More on Accountable Care Organizations and Clinical Laboratory Testing
In that same general session, Tom Williams, Ph.D, MBA, Executive Director at Oakland, California-based Integrated Healthcare Association, took the EWC attendees through a 30-year journey covering the lessons learned from California’s experience developing ACOs.
“A major challenge facing the ACO is how to balance payment with patient care,” he said. His major points explained how:
- Capitation increased risk for ACOs in California,
- In areas of low socio-economics it’s hard for ACOs to succeed,
- Total cost of care is going to be a game changer,
- Lab data is integral to performance measurements,
- There needs to be a data exchange standard, and how,
- ACOs are real, but it’s going to take time for them to grow.
James Crawford, M.D., Ph.D, Senior Vice President for Laboratory Services at North Shore-Long Island Jewish Health System, and the Chairman of Pathology and Laboratory Medicine, North Shore University Hospital (NSUH) and LIJ Medical Center, followed Williams and tackled the topic of the Medical Home care model. Dr. Crawford explained the role of medical homes in advancing integrated patient care. He also discussed how clinical laboratories can add value to physicians practicing in medical homes.
“Forces are now in motion that will determine the path pathologists must take in the future,” he said.
Dr. Crawford explained three medical home concepts:
- Medical home = primary care practice
- Advanced medical home = specialists primary care
- Patient-centered medical neighborhood = all care providers delivering all necessary care
He stressed that it is critical for pathologists to get out of their laboratories and proactively seek to interact with the physician community and even with patients.

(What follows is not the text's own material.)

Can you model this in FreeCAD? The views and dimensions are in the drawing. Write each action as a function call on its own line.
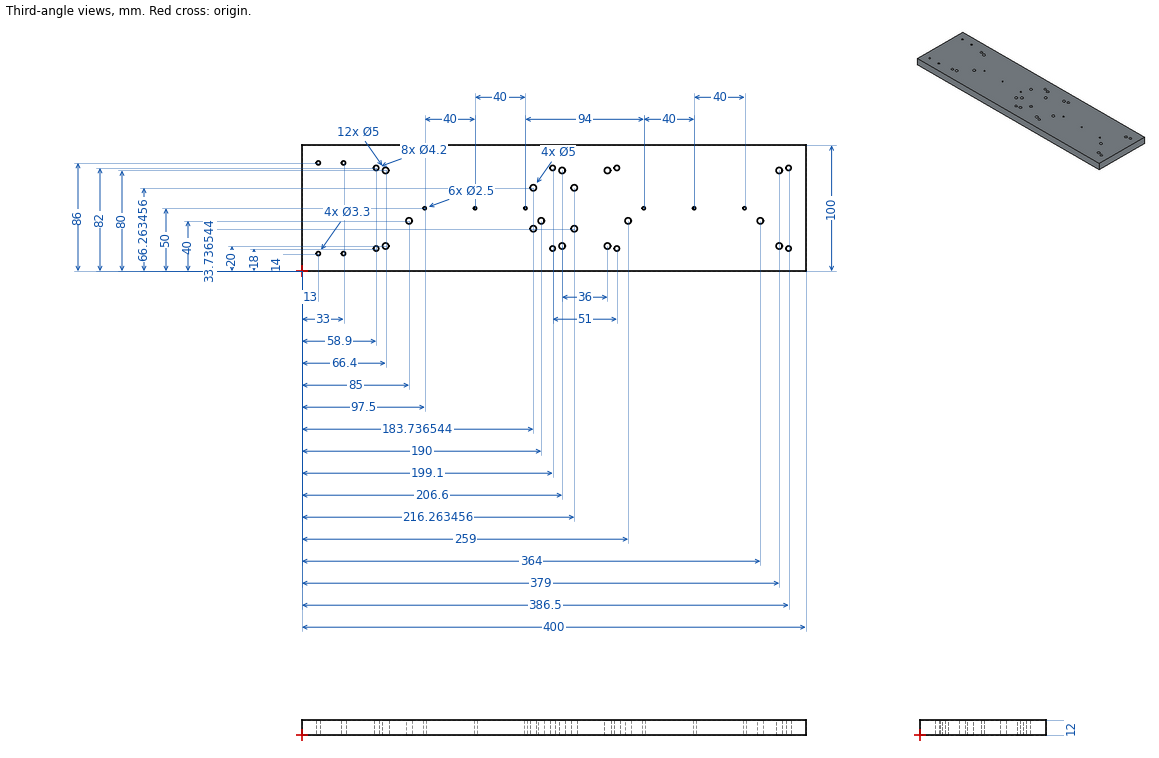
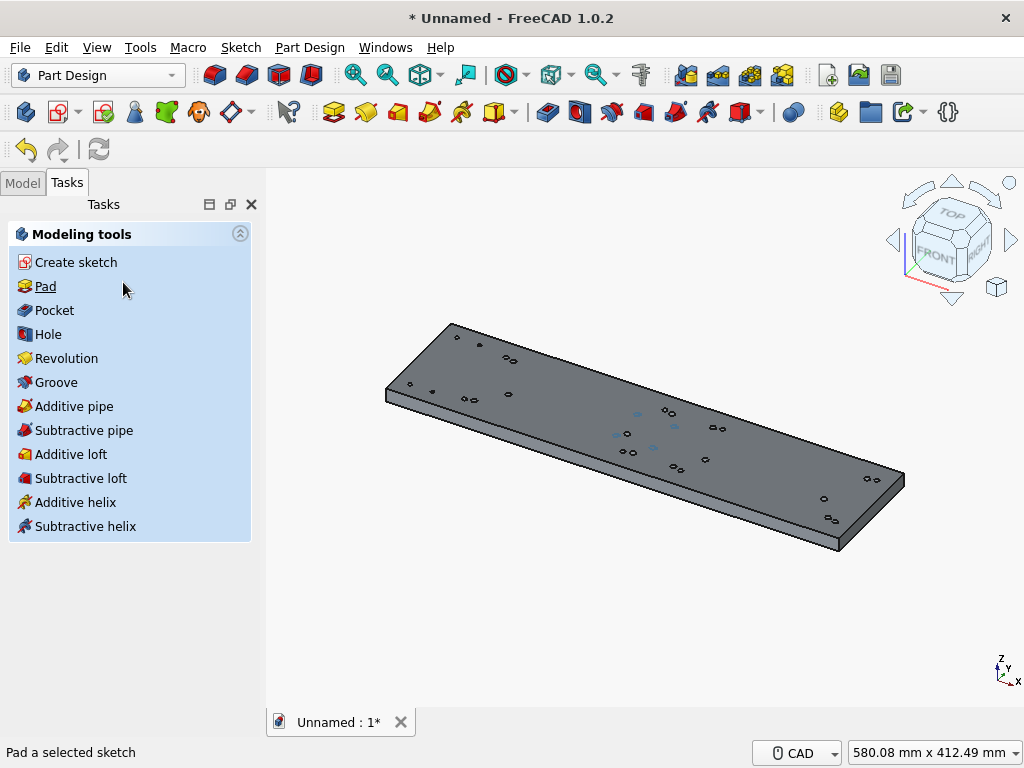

“As pathologists and laboratory scientists, our interaction with the data and EHRs is self-evident,” he said. “There are opportunities for pathologists to be in contact with the patient during the entire healthcare continuum. We can establish and run the screening programs. To date, pathologists have been silent. We haven’t spoken up at all. The voice of the pathologist is absent.
“Outreach to medical homes will identify the clinical laboratory as a provider who cares,” he continued. “This unto itself is a value.”
Dr. Crawford listed specific observations and actions that pathologists should consider to raise their profiles and increase their value to the medical community:
- Healthcare reform will occur at the local level and then role out nationally,
- You can’t retrofit labs to work with medical homes. Medical laboratories must be part of the design of a medical home,
- Find those physicians who are doing medical homes in your local market and reach out to them,
- Become an informant of “absolute” measurements of primary care,
- Pathologists should actively seek participation in demonstration projects,
- Pathologists have to step forward as leaders and be part of the future.
These are important highlights from the presentations that addressed ACOs, medical homes, and value-based reimbursement. As well, more than 80 speakers delivered a host of actionable strategies, management innovations, and practical experience to a very large and enthusiastic audience. Dark Daily readers can order the audio recordings of this conference from the Executive War College website when they become available. This information may be invaluable in helping you guide your clinical laboratory organization to sustained success during the coming wave of healthcare reform.